Yeah, I know I have made some entries but I haven’t really blogged in a while.
I keep thinking that if I don’t blog much, it won’t distract me from my work.
I keep thinking that if I don’t journal so much, it won’t distract me from my work.
I’ve ended a couple of romantic relationships lately in hopes that I won’t be distracted from my work.
Money is so tight for me right now it’s driving me out of my everlovin’ mind, so my work is critical. It’s getting downright difficult to be a “Playa” when you don’t have enough money to buy a pack of cigarets or to go to the grocery for catfood.
My credit house of cards is just on the very verge of tumbling down and there’s nothing for it but to generate income.
How’s that working for you, John?
It ain’t workin’.
Neither am I.
I get up, get dressed, go to work and turn on the computer.
Nothing.
I’m not good enough. I don’t deserve happiness, I guess. Jolly Dr. Max says I’m in fear of success and all too familiar with failure.
I’m frustrated and unhappy.
Last night was Paseo dinner and movie night. Always a good time. Oz brought one of my all time favorite movies, “The Grifters” with John Cuzack, Annette Benning and Angelica Houston. Maybree brought a delicious home-made dessert. The TX-MX food at dinner was delicious and we were joined by the ever-bubbly Milissa.
I was miserable in the humid pre-storm weather and restless and went out late back to Paseo where I was more miserable.
This morning, I’m still avoiding and procrastinating.
My garage door opener broke and it’s a bitch to open that big sumbitch by hand.
I’ve been going to a lot of meetings lately — it keeps me from having to work and I am, after all, bug crazy — and yesterday I shared about how scared I am.
I can’t go back, I can’t go forward and I can’t stay here.
I’m not only not going to get what I want, I’m going to lose what I have.

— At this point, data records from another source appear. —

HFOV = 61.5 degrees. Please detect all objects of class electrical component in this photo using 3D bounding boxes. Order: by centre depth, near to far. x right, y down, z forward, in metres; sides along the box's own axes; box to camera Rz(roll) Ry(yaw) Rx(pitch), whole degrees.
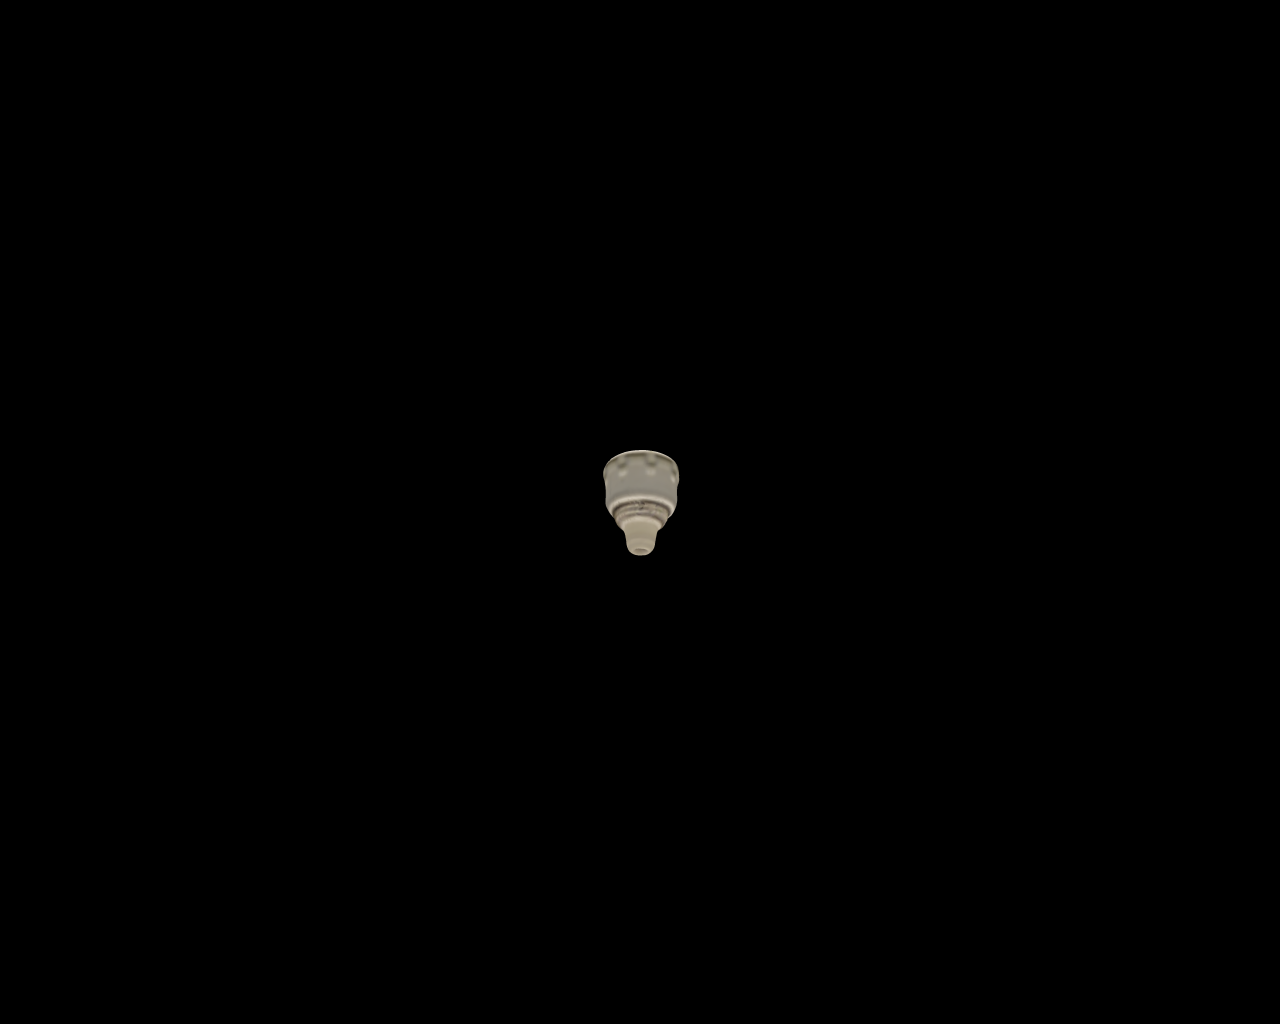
[{"bbox_3d":[0.001,-0.003,0.650,0.048,0.062,0.048,0,-28,0],"label":"electrical component"}]
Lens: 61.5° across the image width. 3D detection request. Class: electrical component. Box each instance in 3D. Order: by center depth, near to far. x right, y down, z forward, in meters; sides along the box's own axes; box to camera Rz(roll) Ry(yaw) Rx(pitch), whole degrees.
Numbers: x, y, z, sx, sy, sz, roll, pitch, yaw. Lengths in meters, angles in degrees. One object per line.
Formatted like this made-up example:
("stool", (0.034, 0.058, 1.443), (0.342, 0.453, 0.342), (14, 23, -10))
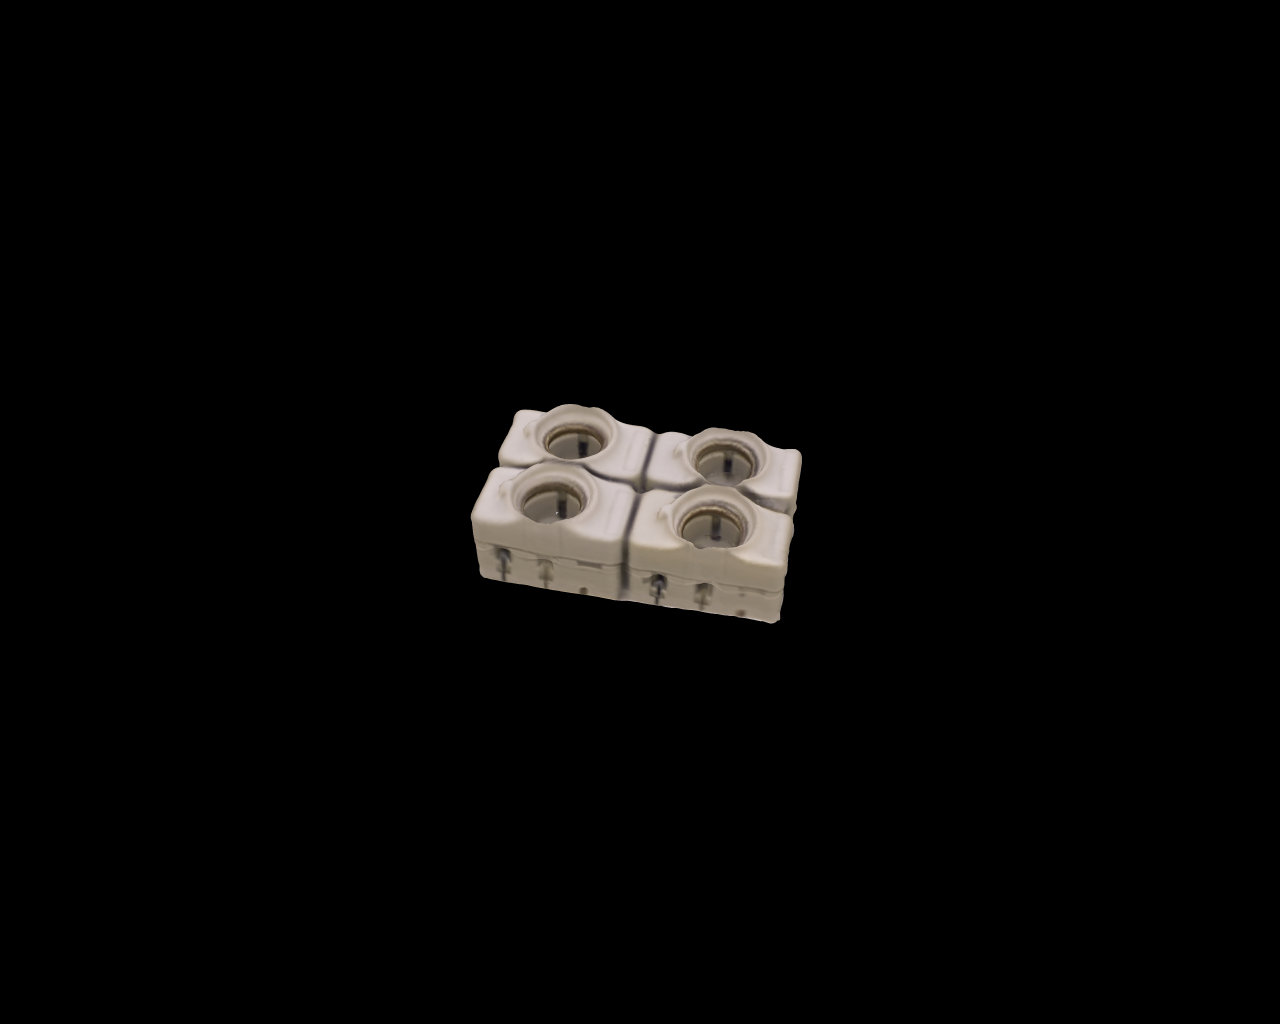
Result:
("electrical component", (0.001, -0.003, 0.650), (0.186, 0.106, 0.060), (9, -43, 8))
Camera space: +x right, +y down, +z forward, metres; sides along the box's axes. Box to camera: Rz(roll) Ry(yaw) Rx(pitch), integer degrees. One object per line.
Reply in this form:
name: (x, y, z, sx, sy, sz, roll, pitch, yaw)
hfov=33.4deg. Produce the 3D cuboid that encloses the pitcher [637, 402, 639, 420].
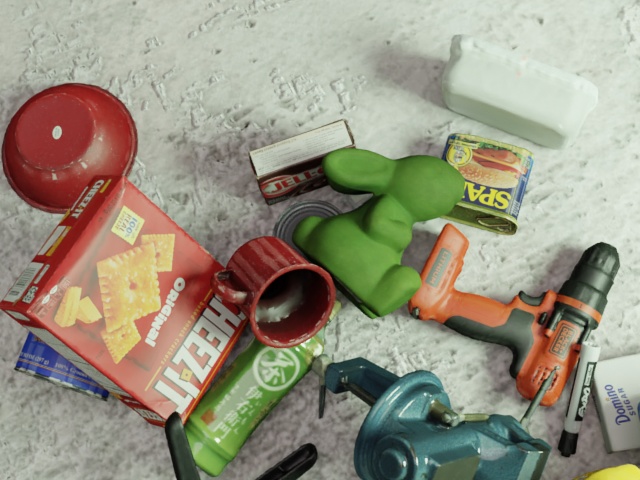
pitcher: (0.384, 0.253, 0.987, 0.145, 0.149, 0.243, -15, 84, 18)

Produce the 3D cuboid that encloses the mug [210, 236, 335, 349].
mug: (-0.054, 0.048, 1.053, 0.117, 0.082, 0.093, 1, 115, -32)

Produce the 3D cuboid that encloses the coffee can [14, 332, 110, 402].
coffee can: (-0.247, 0.087, 1.121, 0.103, 0.103, 0.140, 17, 77, 9)

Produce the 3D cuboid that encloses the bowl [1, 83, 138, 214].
bowl: (-0.291, -0.113, 1.205, 0.162, 0.055, 0.162, -1, 75, 5)

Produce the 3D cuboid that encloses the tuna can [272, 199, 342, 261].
tuna can: (-0.008, 0.001, 1.158, 0.086, 0.034, 0.086, -1, 74, 5)

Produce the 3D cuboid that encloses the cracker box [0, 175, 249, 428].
cracker box: (-0.181, 0.064, 1.059, 0.072, 0.213, 0.164, 4, 55, 52)

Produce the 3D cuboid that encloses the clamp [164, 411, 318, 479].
clamp: (-0.098, 0.276, 1.063, 0.164, 0.036, 0.210, 11, 102, -23)

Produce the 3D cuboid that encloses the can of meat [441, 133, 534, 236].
can of meat: (0.173, -0.061, 1.147, 0.102, 0.057, 0.084, 16, 74, 9)

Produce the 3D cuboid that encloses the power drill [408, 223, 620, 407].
power drill: (0.200, 0.055, 1.111, 0.188, 0.057, 0.184, 26, 79, 12)

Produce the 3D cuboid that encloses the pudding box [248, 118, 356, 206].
pudding box: (-0.016, -0.083, 1.153, 0.113, 0.090, 0.039, -21, 74, -1)

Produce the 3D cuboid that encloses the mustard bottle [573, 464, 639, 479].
mustard bottle: (0.256, 0.246, 0.984, 0.096, 0.191, 0.058, -31, 74, -4)

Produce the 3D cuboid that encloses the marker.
marker: (0.259, 0.162, 1.072, 0.020, 0.020, 0.121, 12, 103, 8)

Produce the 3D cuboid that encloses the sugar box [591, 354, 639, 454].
sugar box: (0.367, 0.154, 1.076, 0.176, 0.048, 0.093, -12, 74, 6)
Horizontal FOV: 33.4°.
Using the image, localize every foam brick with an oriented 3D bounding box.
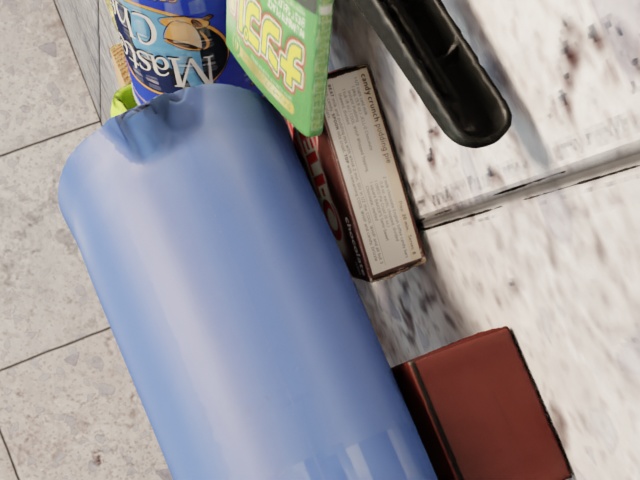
[{"bbox_3d":[0.074,0.086,0.510,0.053,0.051,0.078,129,119,-78],"label":"foam brick"}]

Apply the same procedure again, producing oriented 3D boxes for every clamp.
[{"bbox_3d":[0.004,-0.148,0.404,0.210,0.036,0.164,46,151,40],"label":"clamp"}]

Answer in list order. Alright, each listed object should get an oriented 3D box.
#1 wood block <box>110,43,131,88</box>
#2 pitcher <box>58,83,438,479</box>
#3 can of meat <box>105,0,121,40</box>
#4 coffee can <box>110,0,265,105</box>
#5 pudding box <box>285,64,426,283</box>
[{"bbox_3d":[-0.117,-0.089,0.956,0.206,0.090,0.091,90,156,-60],"label":"wood block"},{"bbox_3d":[-0.033,0.054,0.540,0.145,0.148,0.243,-52,50,35],"label":"pitcher"},{"bbox_3d":[-0.107,-0.163,0.800,0.057,0.084,0.102,111,137,-72],"label":"can of meat"},{"bbox_3d":[-0.076,-0.150,0.646,0.140,0.102,0.103,84,161,-50],"label":"coffee can"},{"bbox_3d":[0.014,-0.036,0.594,0.090,0.039,0.113,-170,60,-76],"label":"pudding box"}]

I’m watching a friend of the past 10 years cycle through his bipolar stuff into delusional breaks with reality and that scares the hell out of me. It’s my fear on feet.
I’m a coward. I do not have the courage to change the things I can. This is the big one, with the lack of serenity to accept life on life’s terms as the twin.
I spent a good deal of yesterday afternoon on my knees praying for my defects in character to be lifted from me and reading my AA literature.
It’s not that I’m doing anything particularly wrong, but when you do nothing it’s sure you’re not doing the next right thing, either.
I don’t know how or why I get into these “loops”. Part of the answer is that it’s my disease of alcoholism and my chemical imbalance induced depression. Part of the answer is my perfectionist father and dominating mother.
I’m longing to act my way into a new way of thinking.
I dream of re-doing my house. I want to pull up the carpet and re-do the floors. I want to take down the horrid wallpaper that’s been up for decades and redecorate the hell out of my house. I want to sell the shit I’ve got for furniture and just live basically on the floor until I can buy really good stuff that I’ve chosen instead of been given. I want to clean out the beds and plant good stuff and put in a berm and plant a new tree to replace the dead one in my back yard. I want to put in a hot tub.
I want to emulate my officemate, Floyd, and grind out the hours into a six figure income.
I want to have one woman in my life with whom I share joys and sorrows and a ton of affection.
All of that is within my grasp. These are not pie-in-the-sky dreams, they are normal and everyday conditions of living for a great many people. I am certainly capable of any/all of that. I have the skills and the health and the law degree to accomplish every bit of that and more — I could do every bit of that plus write and paint. I know I can.
I don’t.
Not “I can’t”. Not even that I won’t.
I don’t.
And it’s killing me.
I can’t figure it out and I’m frustrated.
I look back over my journals for the past several years and this time of year is a crisis for me every damn year. My AA birthday is coming up as is my bellybutton birthday. It’s the time of year I pay taxes, tag my car, renew my insurance, get my annual physical.
THIS is why I’m not blogging. I have nothing constructive to offer. I’m in a place where I’m self-involved and a little depressed and very frustrated and the frustration especially is making me edgy and testy and makes me want to fight or run away.
Meanwhile, I rearranged some of the deck chairs on the Titanic and you can see the blog links on the right are now categorized. There have been some other behind-the-scenes changes that don’t matter to anyone but me because they have to do with the ease with which I paste links, etc., when I do write.
Meanwhile, read my sister’s blog. she’s surprisingly good. Read Mcarp. He’s a joy. I’ll be back when I can.